*** Opening of RECORDS SHOWN ***
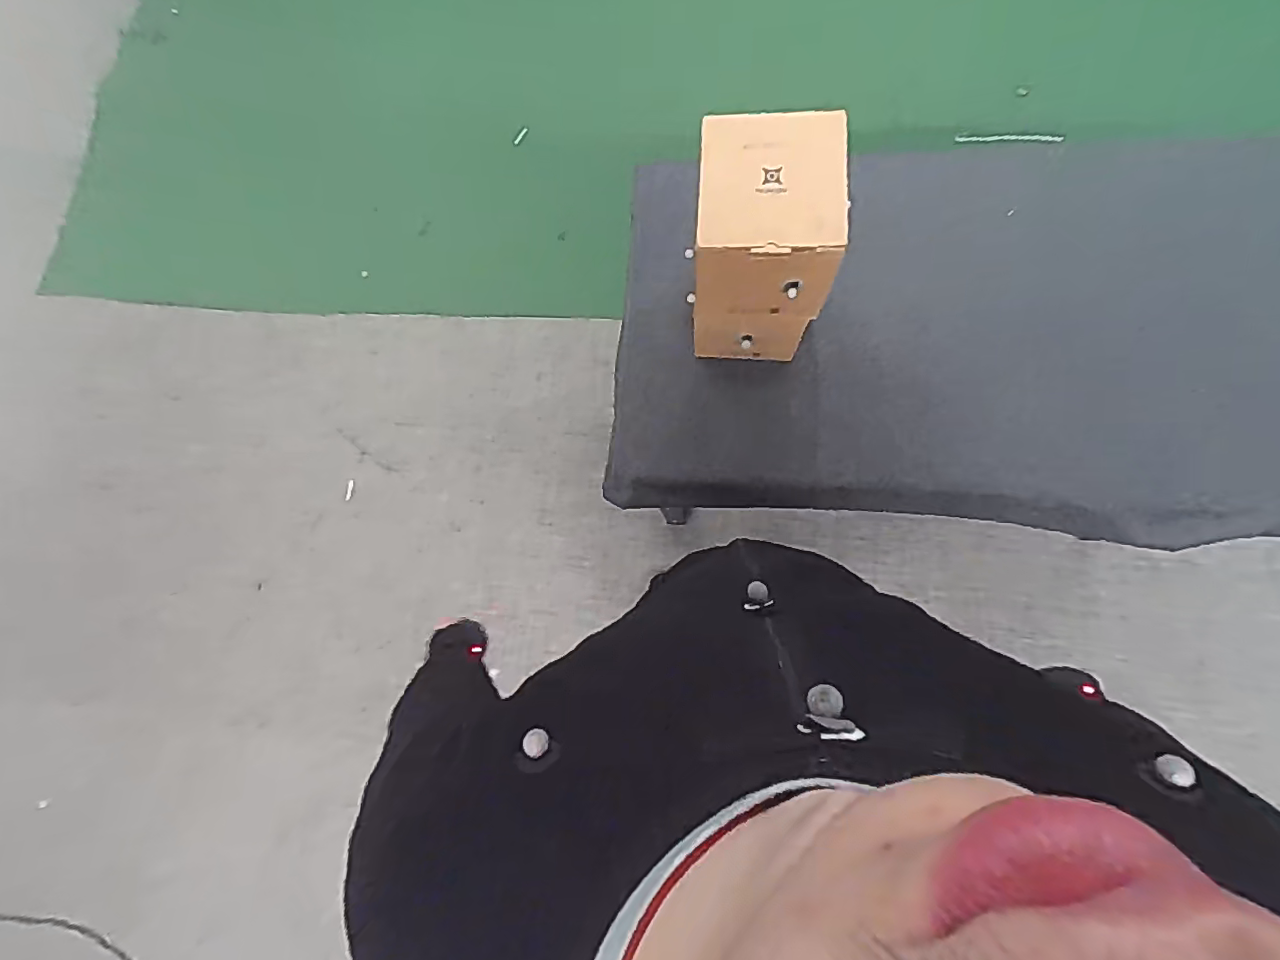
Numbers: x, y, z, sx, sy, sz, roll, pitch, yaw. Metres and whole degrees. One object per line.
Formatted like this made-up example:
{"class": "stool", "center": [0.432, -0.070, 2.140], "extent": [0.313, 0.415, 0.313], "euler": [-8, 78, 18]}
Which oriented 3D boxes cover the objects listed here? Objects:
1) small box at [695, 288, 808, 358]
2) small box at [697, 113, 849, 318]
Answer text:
{"class": "small box", "center": [0.175, -0.304, 0.849], "extent": [0.168, 0.176, 0.179], "euler": [4, 80, 6]}
{"class": "small box", "center": [0.159, -0.322, 0.688], "extent": [0.168, 0.176, 0.179], "euler": [2, 78, 5]}
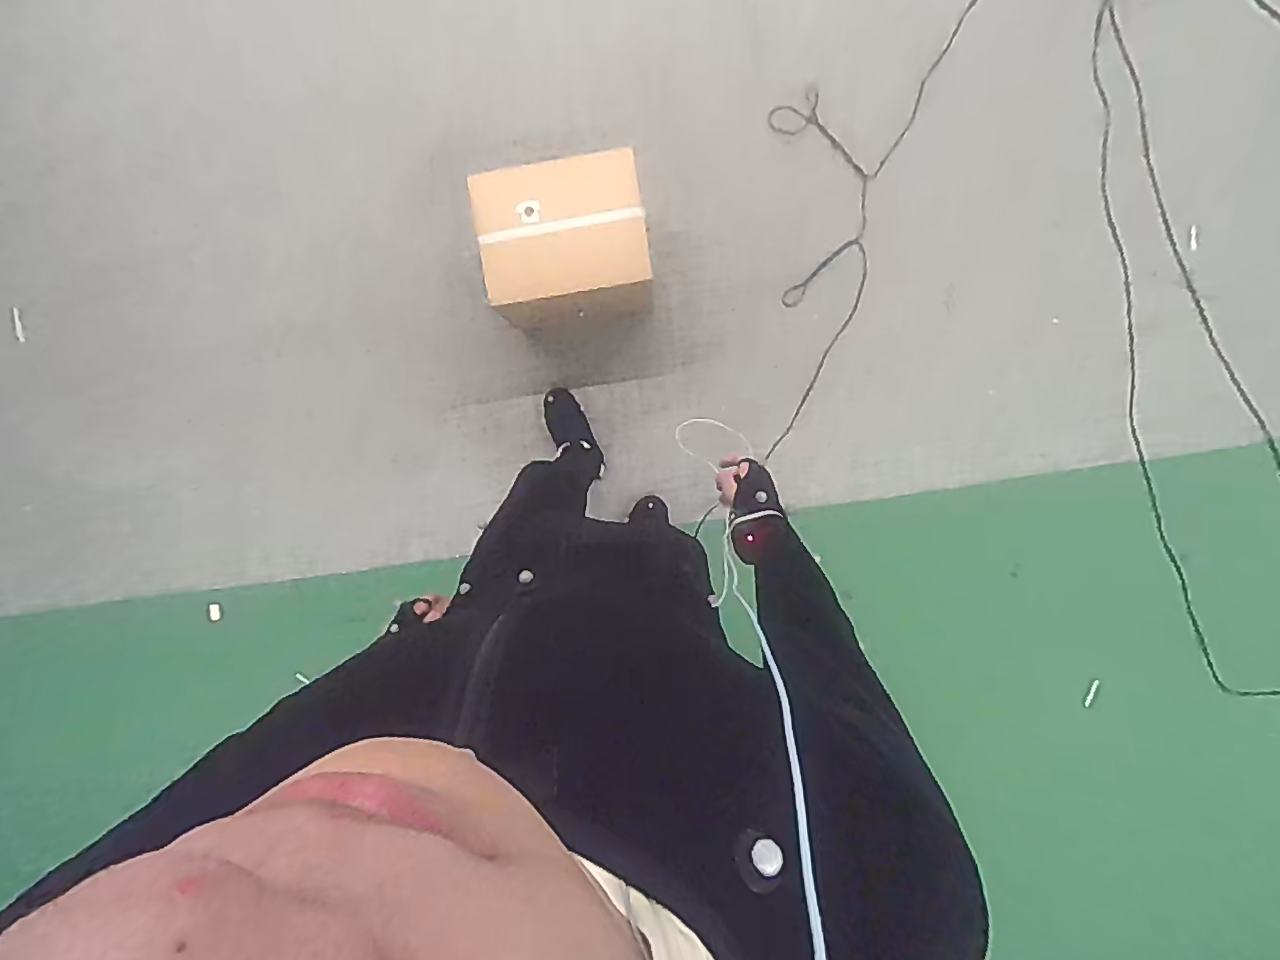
*** Close of RECORDS SHOWN ***
An exact, word-for-word copy of the records is expected, with no pictures in it.

TASK OUTPUT:
Numbers: x, y, z, sx, sy, sz, roll, pitch, yaw. Metres and whole degrees. One object per line.
Formatted like this made-up example:
{"class": "stool", "center": [0.432, -0.070, 2.140], "extent": [0.313, 0.415, 0.313], "euler": [-8, 78, 18]}
Which oriented 3D boxes cover the objects listed here? Objects:
1) small box at [695, 288, 808, 358]
2) small box at [697, 113, 849, 318]
Answer text:
{"class": "small box", "center": [0.175, -0.304, 0.849], "extent": [0.168, 0.176, 0.179], "euler": [4, 80, 6]}
{"class": "small box", "center": [0.159, -0.322, 0.688], "extent": [0.168, 0.176, 0.179], "euler": [2, 78, 5]}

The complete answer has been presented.